Juli Zeh

Über Menschen

Roman
Cover: Über Menschen
Luchterhand Literaturverlag, München 2021
ISBN 9783630876672
Gebunden, 416 Seiten, 22,00 EUR

Klappentext

Dora ist mit ihrer kleinen Hündin aufs Land gezogen. Sie brauchte dringend einen Tapetenwechsel, mehr Freiheit, Raum zum Atmen. Aber ganz so idyllisch wie gedacht ist Bracken, das kleine Dorf im brandenburgischen Nirgendwo, nicht. In Doras Haus gibt es noch keine Möbel, der Garten gleicht einer Wildnis, und die Busverbindung in die Kreisstadt ist ein Witz. Vor allem aber verbirgt sich hinter der hohen Gartenmauer ein Nachbar, der mit kahlrasiertem Kopf und rechten Sprüchen sämtlichen Vorurteilen zu entsprechen scheint. Geflohen vor dem Lockdown in der Großstadt muss Dora sich fragen, was sie in dieser anarchischen Leere sucht: Abstand von Robert, ihrem Freund, der ihr in seinem verbissenen Klimaaktivismus immer fremder wird? Zuflucht wegen der inneren Unruhe, die sie nachts nicht mehr schlafen lässt? Antwort auf die Frage, wann die Welt eigentlich so durcheinandergeraten ist? Während Dora noch versucht, die eigenen Gedanken und Dämonen in Schach zu halten, geschehen in ihrer unmittelbaren Nähe Dinge, mit denen sie nicht rechnen konnte. Ihr zeigen sich Menschen, die in kein Raster passen, ihre Vorstellungen und ihr bisheriges Leben aufs Massivste herausfordern und sie etwas erfahren lassen, von dem sie niemals gedacht hätte, dass sie es sucht..

Rezensionsnotiz zu Die Zeit, 08.04.2021

Rezensent Ronald Düker erkennt das Programm von Juli Zeh auch in ihrem neuen Roman.
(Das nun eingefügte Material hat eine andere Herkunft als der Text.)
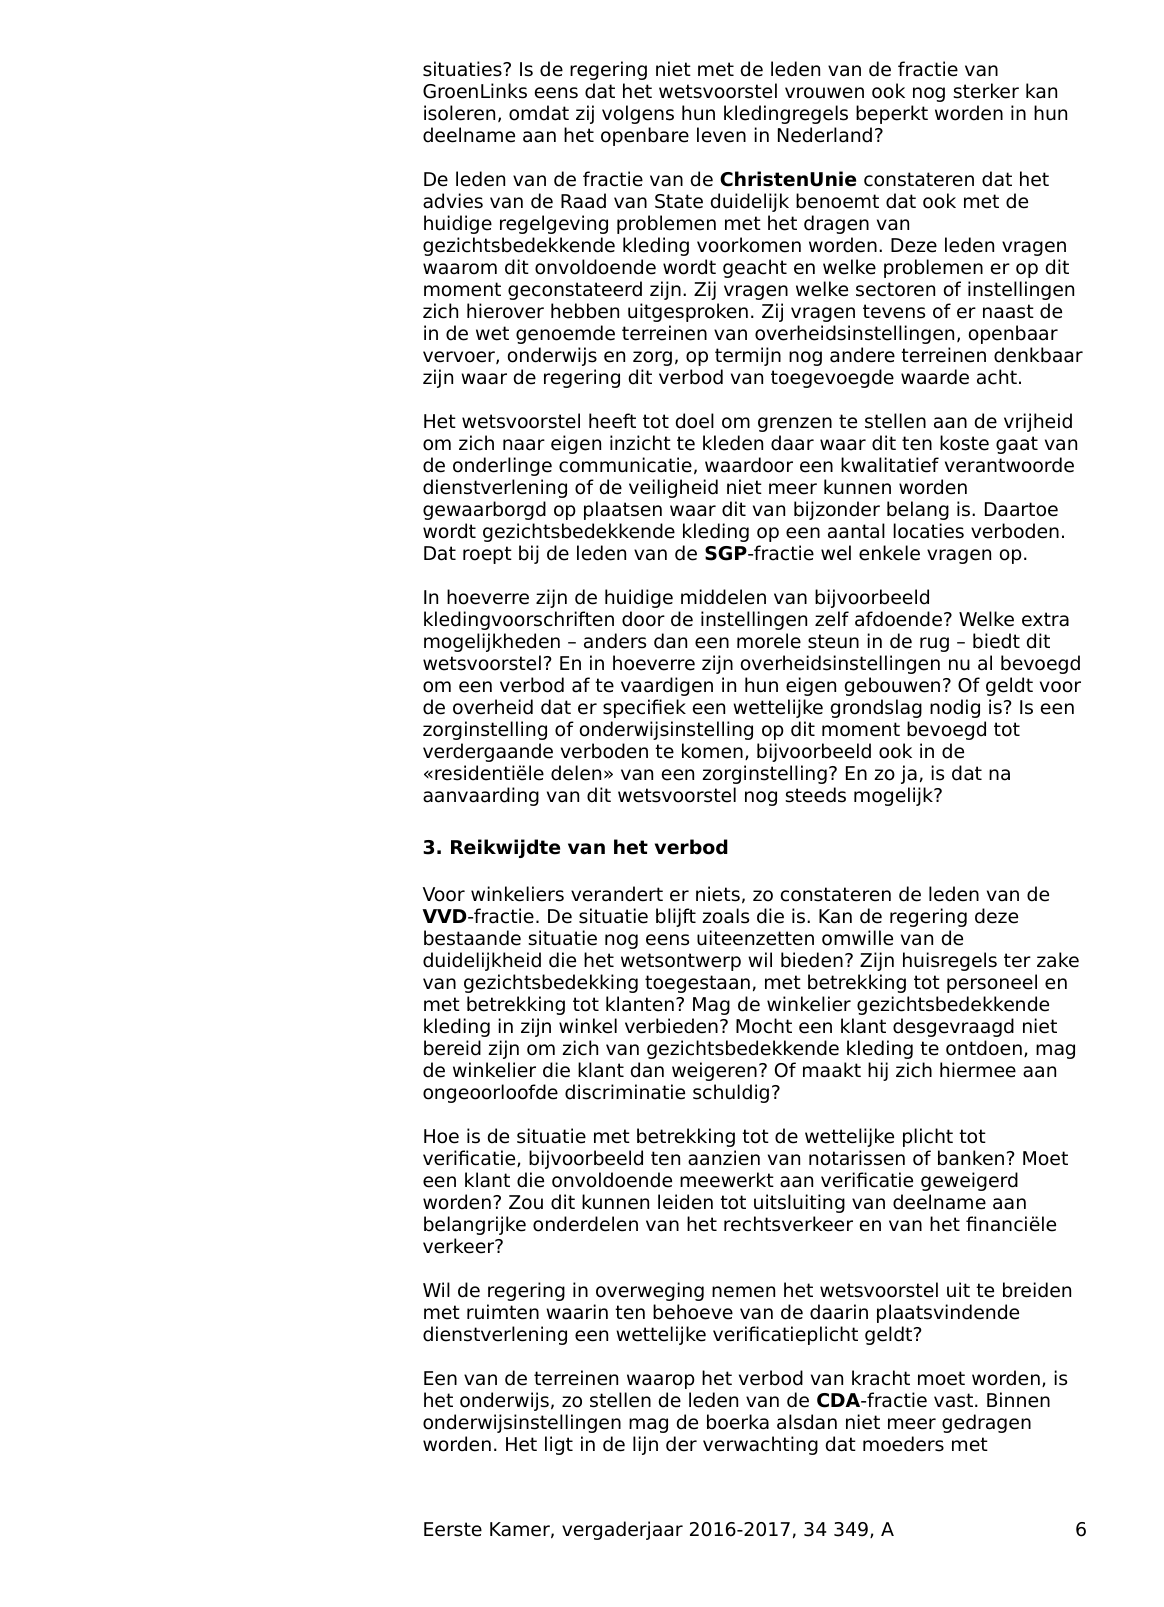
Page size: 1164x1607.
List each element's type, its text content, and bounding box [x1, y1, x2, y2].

text Hoe is de situatie met betrekking tot de wettelijke plicht tot verificatie, bijvoorbeeld ten aanzien van notarissen of banken? Moet een klant die onvoldoende meewerkt aan verificatie geweigerd worden? Zou dit kunnen leiden tot uitsluiting van deelname aan belangrijke onderdelen van het rechtsverkeer en van het financiële verkeer? [422, 1126, 1087, 1258]
text Voor winkeliers verandert er niets, zo constateren de leden van de VVD-fractie. De situatie blijft zoals die is. Kan de regering deze bestaande situatie nog eens uiteenzetten omwille van de duidelijkheid die het wetsontwerp wil bieden? Zijn huisregels ter zake van gezichtsbedekking toegestaan, met betrekking tot personeel en met betrekking tot klanten? Mag de winkelier gezichtsbedekkende kleding in zijn winkel verbieden? Mocht een klant desgevraagd niet bereid zijn om zich van gezichtsbedekkende kleding te ontdoen, mag de winkelier die klant dan weigeren? Of maakt hij zich hiermee aan ongeoorloofde discriminatie schuldig? [422, 884, 1087, 1104]
text In hoeverre zijn de huidige middelen van bijvoorbeeld kledingvoorschriften door de instellingen zelf afdoende? Welke extra mogelijkheden – anders dan een morele steun in de rug – biedt dit wetsvoorstel? En in hoeverre zijn overheidsinstellingen nu al bevoegd om een verbod af te vaardigen in hun eigen gebouwen? Of geldt voor de overheid dat er specifiek een wettelijke grondslag nodig is? Is een zorginstelling of onderwijsinstelling op dit moment bevoegd tot verdergaande verboden te komen, bijvoorbeeld ook in de «residentiële delen» van een zorginstelling? En zo ja, is dat na aanvaarding van dit wetsvoorstel nog steeds mogelijk? [422, 587, 1087, 807]
text Een van de terreinen waarop het verbod van kracht moet worden, is het onderwijs, zo stellen de leden van de CDA-fractie vast. Binnen onderwijsinstellingen mag de boerka alsdan niet meer gedragen worden. Het ligt in de lijn der verwachting dat moeders met [422, 1368, 1087, 1456]
text De leden van de fractie van de ChristenUnie constateren dat het advies van de Raad van State duidelijk benoemt dat ook met de huidige regelgeving problemen met het dragen van gezichtsbedekkende kleding voorkomen worden. Deze leden vragen waarom dit onvoldoende wordt geacht en welke problemen er op dit moment geconstateerd zijn. Zij vragen welke sectoren of instellingen zich hierover hebben uitgesproken. Zij vragen tevens of er naast de in de wet genoemde terreinen van overheidsinstellingen, openbaar vervoer, onderwijs en zorg, op termijn nog andere terreinen denkbaar zijn waar de regering dit verbod van toegevoegde waarde acht. [422, 169, 1087, 389]
text Wil de regering in overweging nemen het wetsvoorstel uit te breiden met ruimten waarin ten behoeve van de daarin plaatsvindende dienstverlening een wettelijke verificatieplicht geldt? [422, 1280, 1087, 1346]
subtitle 3. Reikwijdte van het verbod [422, 837, 1087, 859]
text situaties? Is de regering niet met de leden van de fractie van GroenLinks eens dat het wetsvoorstel vrouwen ook nog sterker kan isoleren, omdat zij volgens hun kledingregels beperkt worden in hun deelname aan het openbare leven in Nederland? [422, 59, 1087, 147]
text Het wetsvoorstel heeft tot doel om grenzen te stellen aan de vrijheid om zich naar eigen inzicht te kleden daar waar dit ten koste gaat van de onderlinge communicatie, waardoor een kwalitatief verantwoorde dienstverlening of de veiligheid niet meer kunnen worden gewaarborgd op plaatsen waar dit van bijzonder belang is. Daartoe wordt gezichtsbedekkende kleding op een aantal locaties verboden. Dat roept bij de leden van de SGP-fractie wel enkele vragen op. [422, 411, 1087, 565]
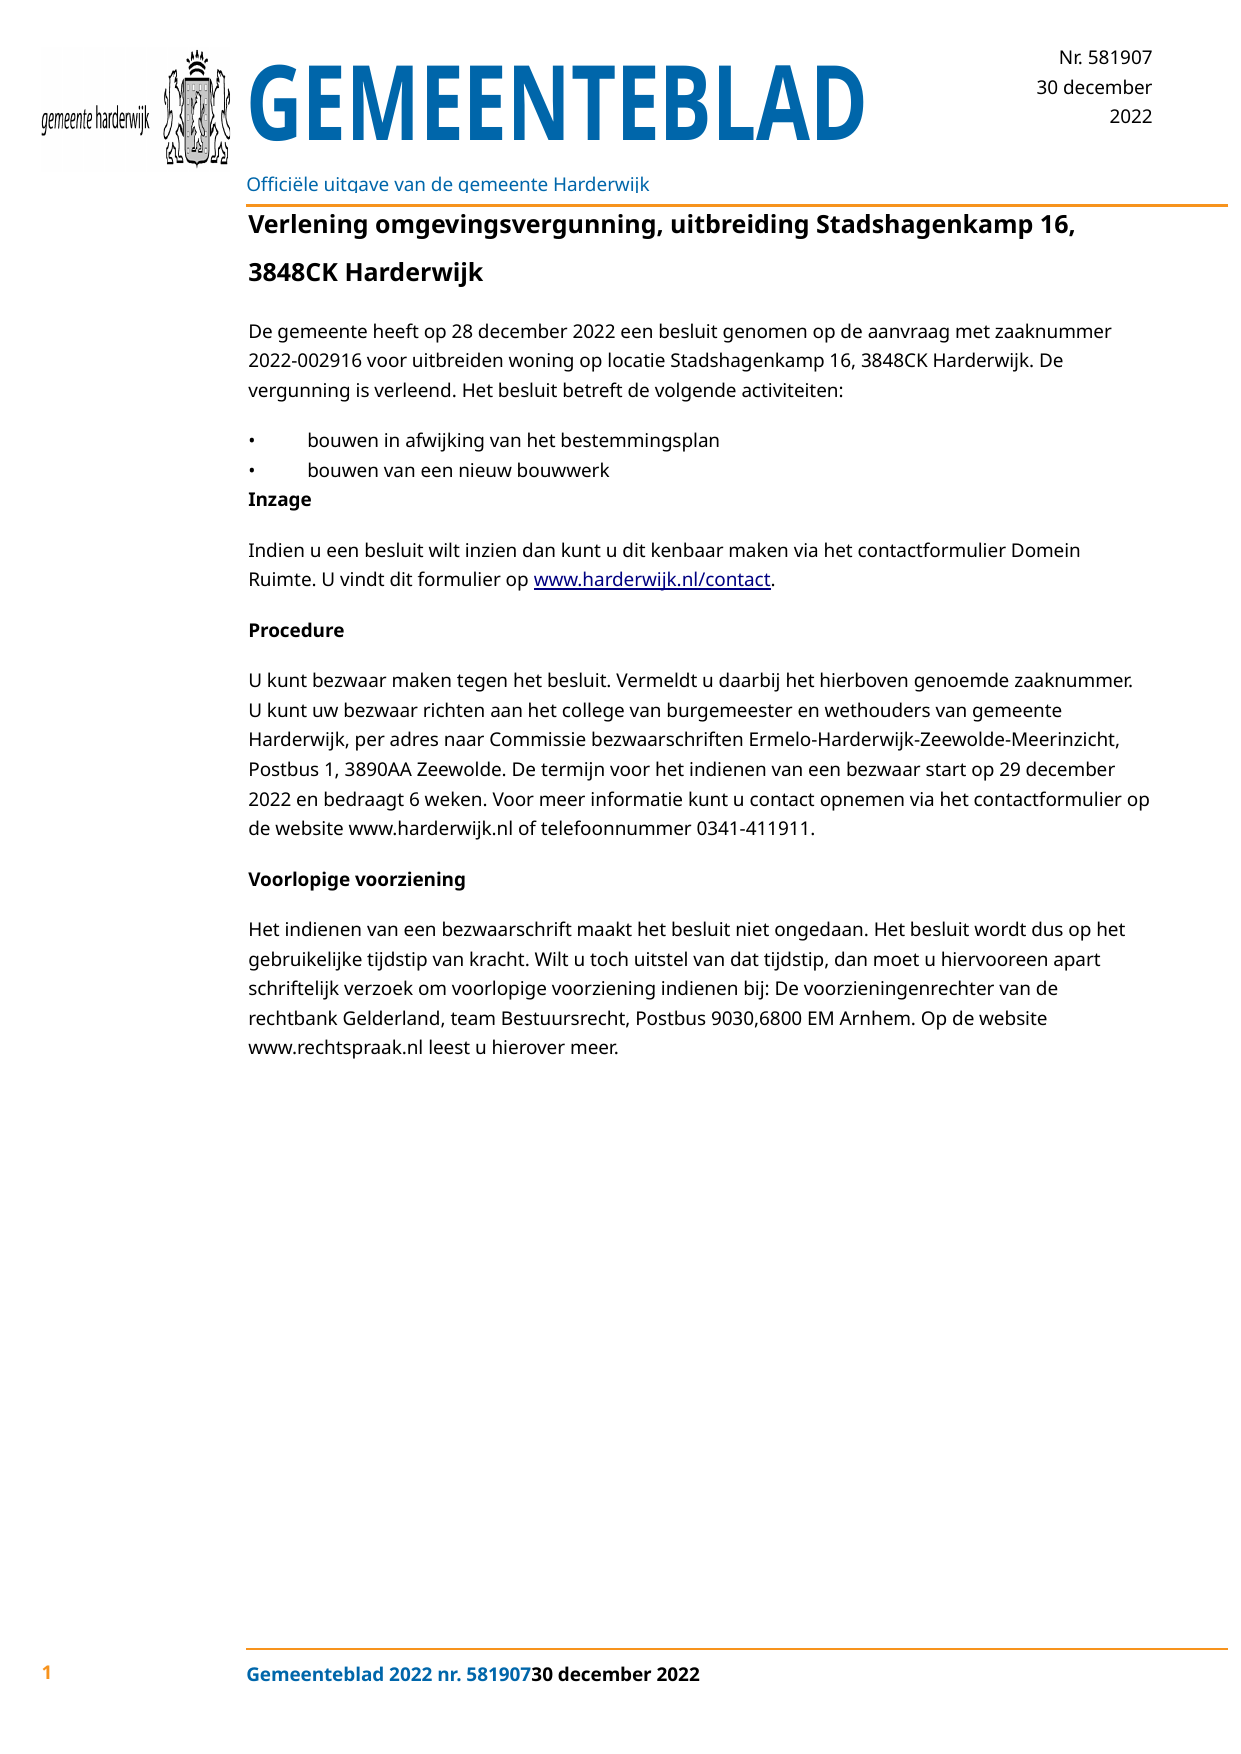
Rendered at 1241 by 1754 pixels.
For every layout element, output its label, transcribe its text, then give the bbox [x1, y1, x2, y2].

list bouwen van een nieuw bouwwerk [248, 457, 1152, 483]
list bouwen in afwijking van het bestemmingsplan [248, 427, 1152, 453]
text Indien u een besluit wilt inzien dan kunt u dit kenbaar maken via het contactformulier Domein Ruimte. U vindt dit formulier op www.harderwijk.nl/contact. [248, 537, 1152, 592]
text De gemeente heeft op 28 december 2022 een besluit genomen op de aanvraag met zaaknummer 2022-002916 voor uitbreiden woning op locatie Stadshagenkamp 16, 3848CK Harderwijk. De vergunning is verleend. Het besluit betreft de volgende activiteiten: [248, 318, 1152, 403]
picture [41, 47, 231, 172]
text Procedure [248, 617, 1152, 643]
text Verlening omgevingsvergunning, uitbreiding Stadshagenkamp 16, 3848CK Harderwijk [248, 207, 1152, 288]
text Het indienen van een bezwaarschrift maakt het besluit niet ongedaan. Het besluit wordt dus op het gebruikelijke tijdstip van kracht. Wilt u toch uitstel van dat tijdstip, dan moet u hiervooreen apart schriftelijk verzoek om voorlopige voorziening indienen bij: De voorzieningenrechter van de rechtbank Gelderland, team Bestuursrecht, Postbus 9030,6800 EM Arnhem. Op de website www.rechtspraak.nl leest u hierover meer. [248, 916, 1152, 1060]
text Inzage [248, 487, 1152, 512]
text U kunt bezwaar maken tegen het besluit. Vermeldt u daarbij het hierboven genoemde zaaknummer. U kunt uw bezwaar richten aan het college van burgemeester en wethouders van gemeente Harderwijk, per adres naar Commissie bezwaarschriften Ermelo-Harderwijk-Zeewolde-Meerinzicht, Postbus 1, 3890AA Zeewolde. De termijn voor het indienen van een bezwaar start op 29 december 2022 en bedraagt 6 weken. Voor meer informatie kunt u contact opnemen via het contactformulier op de website www.harderwijk.nl of telefoonnummer 0341-411911. [248, 667, 1152, 841]
text Voorlopige voorziening [248, 866, 1152, 892]
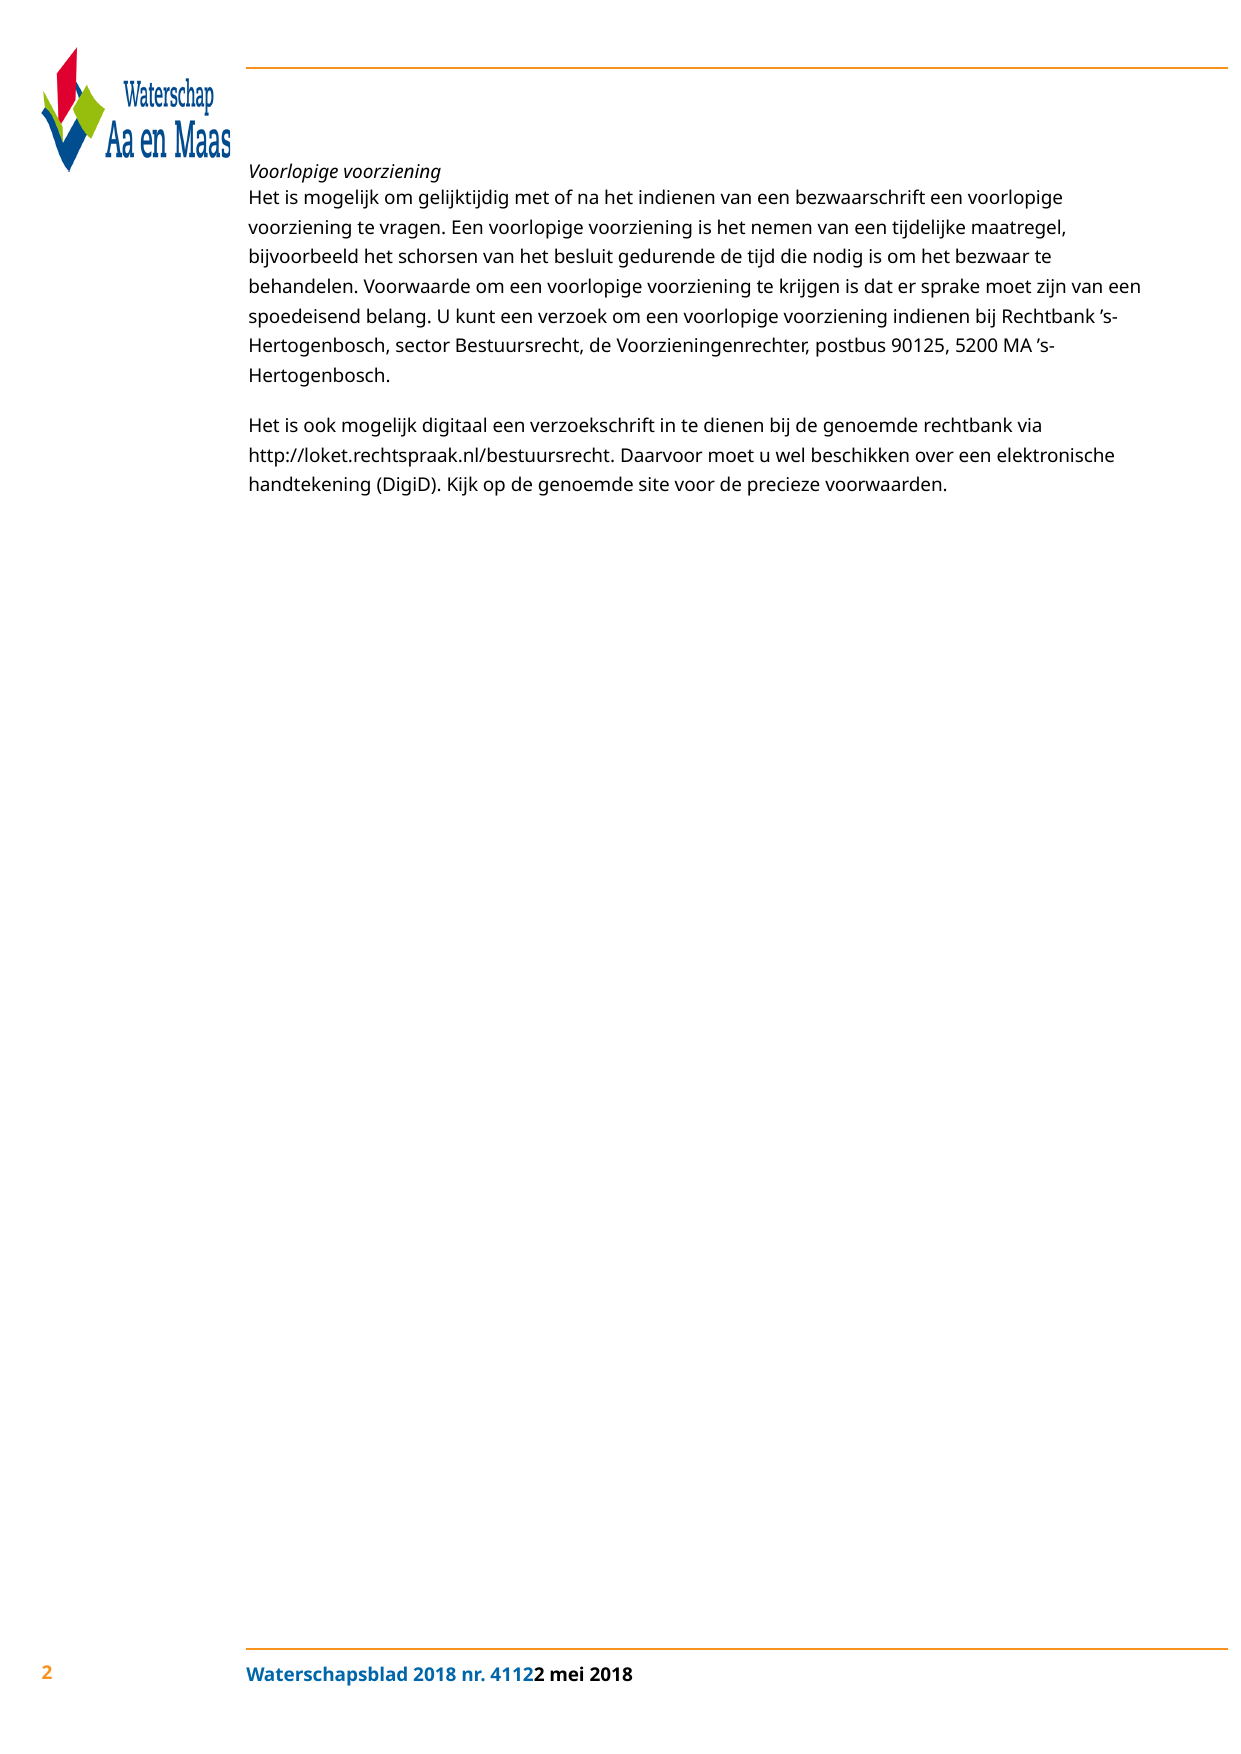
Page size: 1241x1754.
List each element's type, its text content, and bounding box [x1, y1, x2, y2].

text Het is ook mogelijk digitaal een verzoekschrift in te dienen bij de genoemde rechtbank via http://loket.rechtspraak.nl/bestuursrecht. Daarvoor moet u wel beschikken over een elektronische handtekening (DigiD). Kijk op de genoemde site voor de precieze voorwaarden. [248, 412, 1152, 497]
picture [41, 47, 231, 172]
text Voorlopige voorziening [248, 159, 1152, 184]
text Het is mogelijk om gelijktijdig met of na het indienen van een bezwaarschrift een voorlopige voorziening te vragen. Een voorlopige voorziening is het nemen van een tijdelijke maatregel, bijvoorbeeld het schorsen van het besluit gedurende de tijd die nodig is om het bezwaar te behandelen. Voorwaarde om een voorlopige voorziening te krijgen is dat er sprake moet zijn van een spoedeisend belang. U kunt een verzoek om een voorlopige voorziening indienen bij Rechtbank ’s-Hertogenbosch, sector Bestuursrecht, de Voorzieningenrechter, postbus 90125, 5200 MA ’s-Hertogenbosch. [248, 184, 1152, 388]

Einmal mehr schreibe die Autorin gegen den Abbau bürgerlicher Rechte an und verteidige die Freiheit, meint der Kritiker. Erneut führt ihn Zeh ins fiktive brandenburgische Provinznest Bracken, hier an der Seite der vor Corona und ihrem Fridays-for-Future-Freund geflohenen Dora, die in Bracken auf einen Haufen Nazis trifft und bei "Pyro, Bier und geiler Stimmung" die Menschen dahinter erkennt. Wer's mag, wenn es ordentlich menschelt und die "Einfühlung" der Vernunft vorzieht, der wird sich von diesem Roman bestens unterhalten fühlen, schließt der Kritiker süffisant.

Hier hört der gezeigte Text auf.